Definition
A defined geographic point that marks where an aircraft transitions between the en route portion of flight and a published procedure, such as a Standard Instrument Departure (SID) or Standard Terminal Arrival (STAR). It connects the en route airway structure to the procedure's common route segment.
Plain English
The point on a chart where you join or leave a published arrival or departure procedure from the en route part of your flight.
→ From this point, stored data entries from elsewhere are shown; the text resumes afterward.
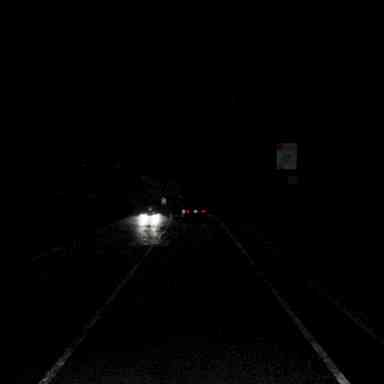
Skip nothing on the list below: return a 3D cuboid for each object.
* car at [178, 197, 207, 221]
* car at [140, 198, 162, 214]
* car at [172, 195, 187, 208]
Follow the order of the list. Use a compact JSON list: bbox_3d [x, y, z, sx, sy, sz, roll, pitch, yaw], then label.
[{"bbox_3d":[0.138,1.400,25.799,2.033,1.411,5.357,0,0,-2],"label":"car"},{"bbox_3d":[-4.033,1.323,32.875,2.128,1.511,4.902,0,0,-5],"label":"car"},{"bbox_3d":[-1.399,1.124,41.110,1.882,1.535,5.008,-1,2,-8],"label":"car"}]
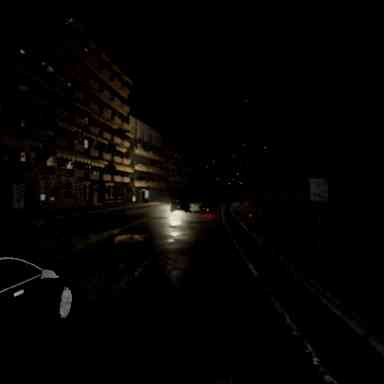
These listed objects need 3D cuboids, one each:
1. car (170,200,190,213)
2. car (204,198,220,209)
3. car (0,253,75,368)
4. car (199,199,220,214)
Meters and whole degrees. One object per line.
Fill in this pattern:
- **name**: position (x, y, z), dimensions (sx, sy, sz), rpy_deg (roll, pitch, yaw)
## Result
- **car**: position (-1.308, 1.589, 37.663), dimensions (1.994, 1.385, 4.181), rpy_deg (0, 0, 4)
- **car**: position (2.844, 1.619, 47.381), dimensions (1.994, 1.385, 4.181), rpy_deg (0, 0, 7)
- **car**: position (-3.077, 1.502, 4.209), dimensions (1.837, 1.490, 4.892), rpy_deg (0, 0, 1)
- **car**: position (1.781, 1.530, 35.970), dimensions (1.837, 1.490, 4.892), rpy_deg (0, 0, 5)
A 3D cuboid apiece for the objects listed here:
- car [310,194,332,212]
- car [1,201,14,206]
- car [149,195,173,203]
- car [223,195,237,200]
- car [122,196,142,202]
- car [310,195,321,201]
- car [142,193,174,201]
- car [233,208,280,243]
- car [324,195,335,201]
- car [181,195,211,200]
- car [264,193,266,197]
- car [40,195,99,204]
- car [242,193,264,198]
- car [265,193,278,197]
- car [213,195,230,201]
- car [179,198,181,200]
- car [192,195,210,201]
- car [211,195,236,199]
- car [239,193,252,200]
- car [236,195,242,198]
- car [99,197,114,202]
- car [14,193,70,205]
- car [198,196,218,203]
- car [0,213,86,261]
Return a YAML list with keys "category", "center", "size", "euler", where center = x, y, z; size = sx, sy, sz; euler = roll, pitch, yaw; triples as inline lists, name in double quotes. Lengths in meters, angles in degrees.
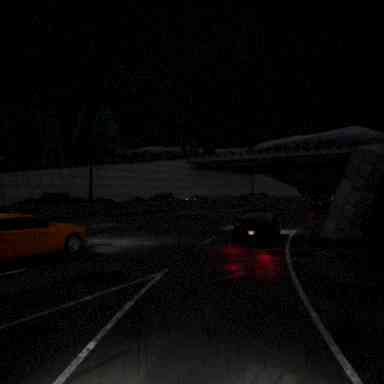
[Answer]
- category: "car"
  center: [15.334, 1.369, 38.654]
  size: [2.097, 1.767, 4.553]
  euler: [0, 0, 31]
- category: "car"
  center: [-18.729, 1.375, 37.095]
  size: [1.812, 1.442, 4.674]
  euler: [0, 0, 32]
- category: "car"
  center: [-5.950, 1.368, 64.447]
  size: [2.128, 1.511, 4.902]
  euler: [0, 0, 32]
- category: "car"
  center: [10.433, 1.507, 91.082]
  size: [1.895, 1.301, 4.718]
  euler: [0, 0, 32]
- category: "car"
  center: [-9.055, 1.399, 52.797]
  size: [1.812, 1.442, 4.674]
  euler: [0, 0, 32]
- category: "car"
  center: [31.770, 1.545, 85.697]
  size: [1.812, 1.442, 4.674]
  euler: [0, 0, 32]
- category: "car"
  center: [-4.960, 1.118, 52.773]
  size: [2.150, 2.045, 5.566]
  euler: [0, 0, 32]
- category: "car"
  center: [3.202, 1.517, 16.161]
  size: [1.812, 1.442, 4.674]
  euler: [0, 0, 18]
- category: "car"
  center: [34.753, 1.562, 83.865]
  size: [1.812, 1.442, 4.674]
  euler: [0, 0, 32]
- category: "car"
  center: [0.742, 1.270, 55.297]
  size: [2.097, 1.767, 4.553]
  euler: [0, 0, 32]
- category: "car"
  center: [19.409, 1.178, 92.318]
  size: [2.150, 2.045, 5.566]
  euler: [0, 0, 32]
- category: "car"
  center: [-12.403, 1.377, 34.025]
  size: [2.128, 1.511, 4.902]
  euler: [0, 0, 32]
- category: "car"
  center: [14.180, 1.178, 77.118]
  size: [2.150, 2.045, 5.566]
  euler: [0, 0, 32]
- category: "car"
  center: [22.148, 1.525, 90.093]
  size: [1.994, 1.385, 4.181]
  euler: [0, 0, 32]
- category: "car"
  center: [6.984, 1.392, 78.778]
  size: [1.882, 1.535, 5.008]
  euler: [0, 0, 32]
- category: "car"
  center: [-0.895, 1.421, 65.959]
  size: [1.812, 1.442, 4.674]
  euler: [0, 1, 32]
- category: "car"
  center: [2.146, 1.487, 77.591]
  size: [1.895, 1.301, 4.718]
  euler: [0, 0, 32]
- category: "car"
  center: [5.924, 1.479, 63.713]
  size: [2.033, 1.411, 5.357]
  euler: [0, 0, 32]
- category: "car"
  center: [14.683, 1.288, 91.312]
  size: [2.097, 1.767, 4.553]
  euler: [0, 0, 32]
- category: "car"
  center: [11.185, 1.413, 78.930]
  size: [1.882, 1.535, 5.008]
  euler: [0, 0, 32]
- category: "car"
  center: [-14.282, 1.452, 50.987]
  size: [1.895, 1.301, 4.718]
  euler: [0, 0, 32]
- category: "car"
  center: [-15.481, 1.090, 35.700]
  size: [2.150, 2.045, 5.566]
  euler: [0, 0, 32]
- category: "car"
  center: [3.270, 1.514, 66.050]
  size: [1.895, 1.301, 4.718]
  euler: [0, 0, 32]
- category: "car"
  center: [-5.823, 1.432, 10.923]
  size: [1.882, 1.535, 5.008]
  euler: [0, 0, 32]
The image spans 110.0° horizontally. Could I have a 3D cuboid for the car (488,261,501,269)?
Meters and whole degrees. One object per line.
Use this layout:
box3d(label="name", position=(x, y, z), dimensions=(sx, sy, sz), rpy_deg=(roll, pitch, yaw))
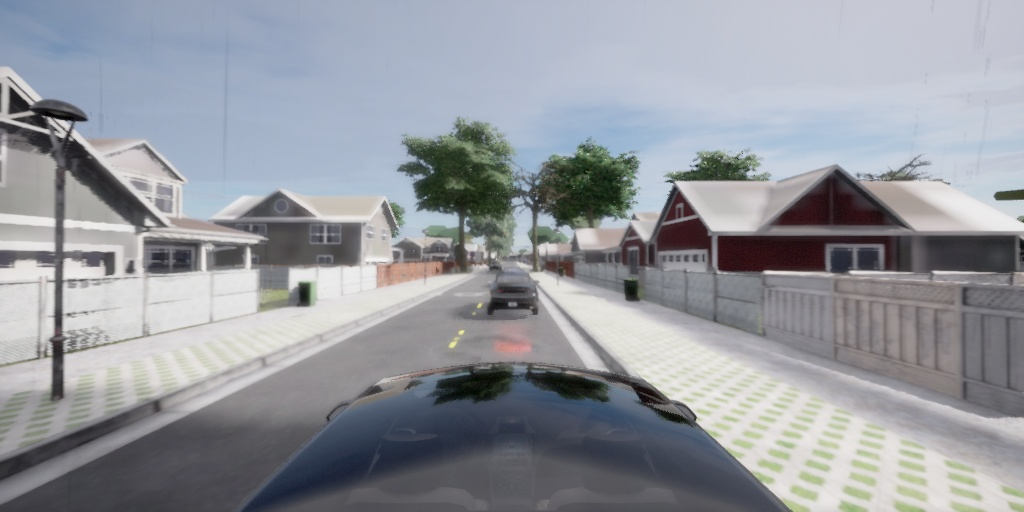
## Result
box3d(label="car", position=(-2.781, 1.638, 60.326), dimensions=(2.097, 1.767, 4.553), rpy_deg=(0, 0, 1))

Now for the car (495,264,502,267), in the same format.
box3d(label="car", position=(0.026, 1.525, 27.123), dimensions=(2.033, 1.411, 5.357), rpy_deg=(0, -1, 0))

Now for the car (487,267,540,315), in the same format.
box3d(label="car", position=(0.047, 1.365, 14.254), dimensions=(1.837, 1.490, 4.892), rpy_deg=(0, 0, 1))
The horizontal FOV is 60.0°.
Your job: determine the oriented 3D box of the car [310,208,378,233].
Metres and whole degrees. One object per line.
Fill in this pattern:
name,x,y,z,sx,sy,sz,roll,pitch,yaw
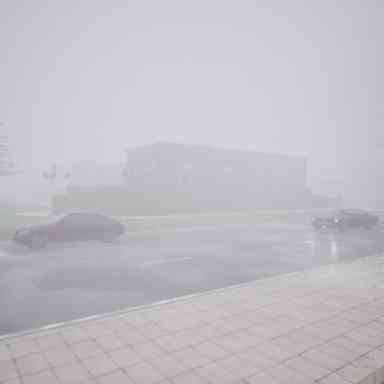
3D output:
car,9.367,1.681,20.386,4.718,1.301,1.895,0,0,-36

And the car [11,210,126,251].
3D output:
car,-5.175,1.541,14.419,4.674,1.442,1.812,0,0,-35
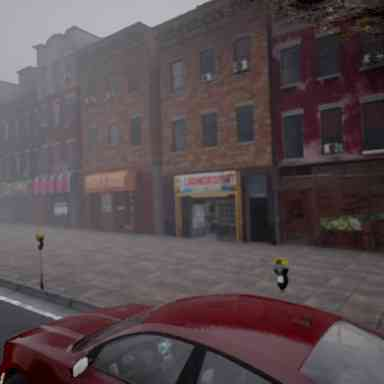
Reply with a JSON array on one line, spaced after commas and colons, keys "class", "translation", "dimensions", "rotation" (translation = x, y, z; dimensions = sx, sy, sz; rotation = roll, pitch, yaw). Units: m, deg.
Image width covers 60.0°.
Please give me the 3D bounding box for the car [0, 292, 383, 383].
[{"class": "car", "translation": [0.158, 1.559, 2.726], "dimensions": [4.507, 1.381, 1.887], "rotation": [-1, -2, 36]}]

It's the handoff point between cruising along airways and following a structured arrival or departure path.
Context Anchor
Seen on published area navigation departure and arrival charts, and in flight management system route entries when selecting a transition.
Derivation
"En route" comes from French, meaning "on the way" — the cruising portion of a flight between departure and arrival areas. "Transition" comes from Latin transire, "to go across." Together with "waypoint," the term names the specific point where the flight crosses from one phase or route structure into another.
Why Pilots Care
Ensures continuous navigation guidance and proper sequencing when entering or leaving the terminal area, reducing the risk of navigation errors during phase changes.
Intuition Check
Do not read “transition” here as a general change or “waypoint” as just any point along the route. An En Route Transition Waypoint is a specific published connection point between an airport-area procedure and the en route part of the flight.
Example Sentence 1
Cleared via the BOILR en route transition, the crew loaded the waypoint as the entry point to the LENDY6 arrival.
Example Sentence 2
The navigation database included the en route transition waypoint to provide a seamless connection from the airway to the SID.